Langfuse traces every provider call: input prompt, model name, provider, duration, success/failure. Same Langfuse instance as the puzzle app.
The Migration
The puzzle app now calls ai-service through a thin HTTP client:
// server/src/services/aiClient.ts
export async function generateImage(prompt: string): Promise<AiImageResult> {
return callAiService("/api/v1/image/generate", { prompt });
}
export async function transformImage(imageBase64: string, prompt?: string): Promise<AiImageResult> {
return callAiService("/api/v1/image/transform", { image: imageBase64, prompt });
}
The routes (generateIllustration.ts, imageTransform.ts) kept all their business logic — in-memory cache, rate limiting, prompt construction — and just changed the final call. The web client and React Native app didn’t change at all. Their API contract with the puzzle app is unchanged.
One Subtle Bug
Reading env vars at module top-level doesn’t work the way you’d expect in Bun:
// This doesn't work — reads before .env is loaded
const AI_SERVICE_URL = process.env.AI_SERVICE_URL;
export async function generateImage(prompt: string) {
if (!AI_SERVICE_URL) throw new Error("...");
}
Bun hoists static imports before running any top-level code. So by the time index.ts runs its custom .env loader, aiClient.ts has already captured undefined into that constant.
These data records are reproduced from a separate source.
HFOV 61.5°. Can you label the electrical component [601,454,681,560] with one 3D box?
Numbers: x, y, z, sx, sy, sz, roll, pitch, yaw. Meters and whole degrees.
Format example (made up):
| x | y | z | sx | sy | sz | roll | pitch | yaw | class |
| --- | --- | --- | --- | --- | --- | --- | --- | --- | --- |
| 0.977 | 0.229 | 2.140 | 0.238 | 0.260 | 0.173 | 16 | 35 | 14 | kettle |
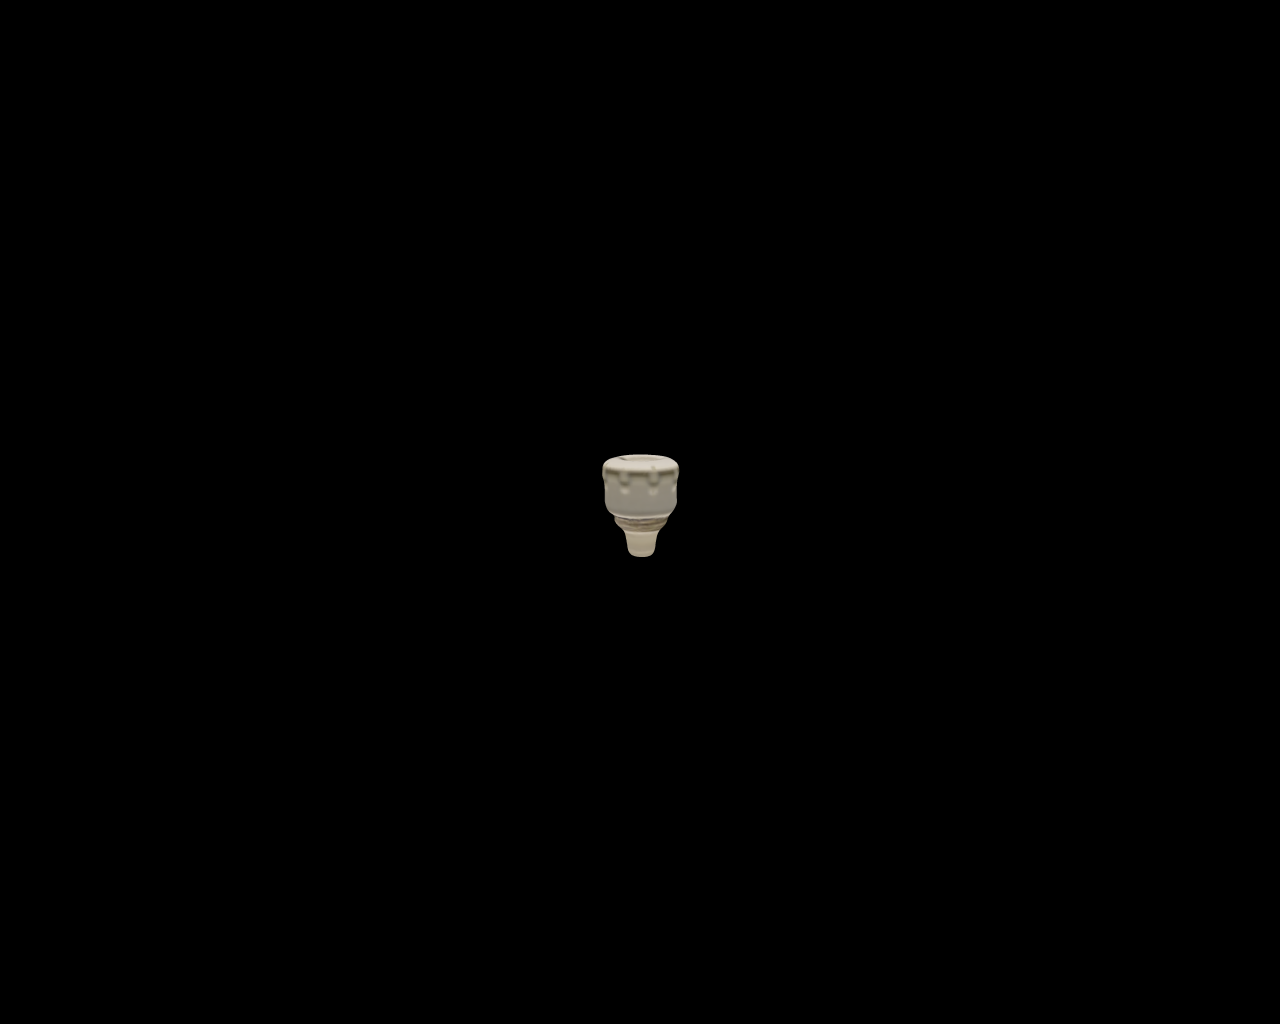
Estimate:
| x | y | z | sx | sy | sz | roll | pitch | yaw | class |
| --- | --- | --- | --- | --- | --- | --- | --- | --- | --- |
| 0.001 | -0.003 | 0.650 | 0.048 | 0.062 | 0.048 | 0 | 11 | 0 | electrical component |
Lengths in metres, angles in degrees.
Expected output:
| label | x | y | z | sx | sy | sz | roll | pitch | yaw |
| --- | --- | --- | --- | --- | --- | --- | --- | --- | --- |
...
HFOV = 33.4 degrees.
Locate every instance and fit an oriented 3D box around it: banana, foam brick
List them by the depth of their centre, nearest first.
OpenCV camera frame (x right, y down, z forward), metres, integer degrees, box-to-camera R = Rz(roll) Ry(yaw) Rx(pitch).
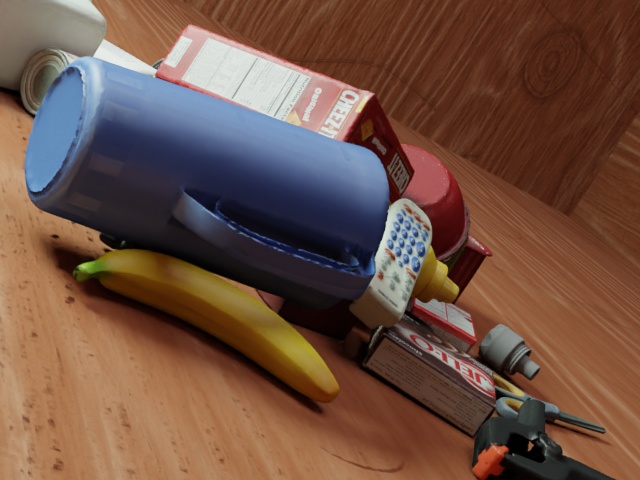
| label | x | y | z | sx | sy | sz | roll | pitch | yaw |
| --- | --- | --- | --- | --- | --- | --- | --- | --- | --- |
| banana | -0.075 | 0.053 | 0.725 | 0.197 | 0.037 | 0.069 | 26 | 31 | -16 |
| foam brick | -0.005 | 0.042 | 0.899 | 0.078 | 0.051 | 0.053 | 23 | 13 | -35 |

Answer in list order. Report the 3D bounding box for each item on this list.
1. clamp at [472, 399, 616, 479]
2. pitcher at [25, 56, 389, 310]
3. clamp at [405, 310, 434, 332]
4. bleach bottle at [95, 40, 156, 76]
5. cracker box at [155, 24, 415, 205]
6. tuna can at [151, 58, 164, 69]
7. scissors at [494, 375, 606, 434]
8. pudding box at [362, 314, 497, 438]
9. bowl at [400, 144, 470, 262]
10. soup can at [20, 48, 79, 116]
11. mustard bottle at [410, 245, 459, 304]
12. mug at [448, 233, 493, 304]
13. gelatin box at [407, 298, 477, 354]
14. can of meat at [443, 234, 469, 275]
| label | x | y | z | sx | sy | sz | roll | pitch | yaw |
| --- | --- | --- | --- | --- | --- | --- | --- | --- | --- |
| clamp | 0.168 | 0.166 | 0.850 | 0.171 | 0.039 | 0.120 | 20 | 17 | -45 |
| pitcher | -0.075 | -0.035 | 0.756 | 0.242 | 0.145 | 0.149 | 18 | -23 | -33 |
| clamp | 0.008 | 0.032 | 1.005 | 0.209 | 0.036 | 0.165 | 23 | 15 | -40 |
| bleach bottle | -0.275 | -0.216 | 1.255 | 0.251 | 0.068 | 0.102 | 36 | 12 | 32 |
| cracker box | -0.029 | -0.112 | 1.018 | 0.214 | 0.072 | 0.164 | 25 | -12 | 26 |
| tuna can | -0.173 | -0.173 | 1.270 | 0.086 | 0.086 | 0.033 | 38 | 15 | 30 |
| scissors | 0.220 | 0.172 | 1.018 | 0.201 | 0.016 | 0.096 | 27 | 14 | -22 |
| pudding box | 0.093 | 0.109 | 0.899 | 0.113 | 0.039 | 0.090 | 31 | 13 | 0 |
| bowl | 0.083 | -0.049 | 1.105 | 0.162 | 0.055 | 0.162 | 6 | 47 | -6 |
| soup can | -0.231 | -0.142 | 1.039 | 0.069 | 0.068 | 0.102 | 39 | 14 | 30 |
| mustard bottle | 0.044 | 0.004 | 0.979 | 0.191 | 0.058 | 0.096 | 30 | 13 | -9 |
| mug | 0.134 | 0.019 | 1.262 | 0.117 | 0.081 | 0.093 | 38 | 13 | 27 |
| gelatin box | 0.120 | 0.083 | 1.093 | 0.073 | 0.030 | 0.089 | 30 | 14 | -3 |
| can of meat | 0.100 | 0.010 | 1.174 | 0.057 | 0.102 | 0.084 | 19 | 15 | -48 |

The fix is lazy reads — inside the function, not at module level:
async function callAiService<T>(path: string, body: unknown): Promise<T> {
const AI_SERVICE_URL = process.env.AI_SERVICE_URL; // read here, not at top
const AI_SERVICE_API_KEY = process.env.AI_SERVICE_API_KEY;
...
}
Worth knowing if you’re using Bun workspaces with a custom env loader.
Infrastructure
The service deploys to the same EKS cluster as the puzzle app. It gets its own:
- Helm release (reusing the existing web-app chart)
- ClusterIP service (port 3002, no ingress — internal only)
- ExternalSecret pulling
AI_SERVICE_API_KEYandHF_API_KEYfrom AWS Secrets Manager - ServiceMonitor for Prometheus scraping
- NetworkPolicy rules allowing the puzzle server and Prometheus to reach it
Resource limits are set conservatively: 100m/500m CPU, 128Mi/512Mi memory. The service is mostly I/O — it proxies to external APIs, does no heavy compute. Memory is sized to handle base64 image payloads (10MB+ per concurrent request) without OOMing.
The CI/CD pipeline follows the same pattern as the puzzle app: push to main → GitHub Actions builds a Docker image → pushes to ECR → updates the image tag in the infra repo → ArgoCD auto-deploys.
Local Development
For local development, the service runs identically to production:
cd /Users/itay/dev/ai-service
cp .env.example .env # fill in HF_API_KEY and AI_SERVICE_API_KEY
bun run dev # runs on localhost:3002
The puzzle app’s .env gets two new vars:
AI_SERVICE_URL=http://localhost:3002
AI_SERVICE_API_KEY=local-dev-key
There’s also a CLI utility for one-off scripting:
bun run scripts/generate.ts image "Cute cartoon lion playing puzzle, marketing banner"
Good for generating marketing assets, testing prompts, or just poking the API.
What’s Next
The service has stub routes for TTS (/api/v1/tts/synthesize) and video generation (/api/v1/video/generate) — both return 501 for now. When we get to those capabilities, the provider interfaces are already defined and the routing skeleton is in place.
The bigger picture: as more Kids Games apps come online, they call the same service with different x-consumer-id values. The Grafana dashboard shows per-consumer usage. Langfuse traces are grouped by consumer. One API, full visibility.
One session. Fully deployed. The puzzle app is cleaner, the AI stack is reusable, and the platform is one step closer to actually being a platform.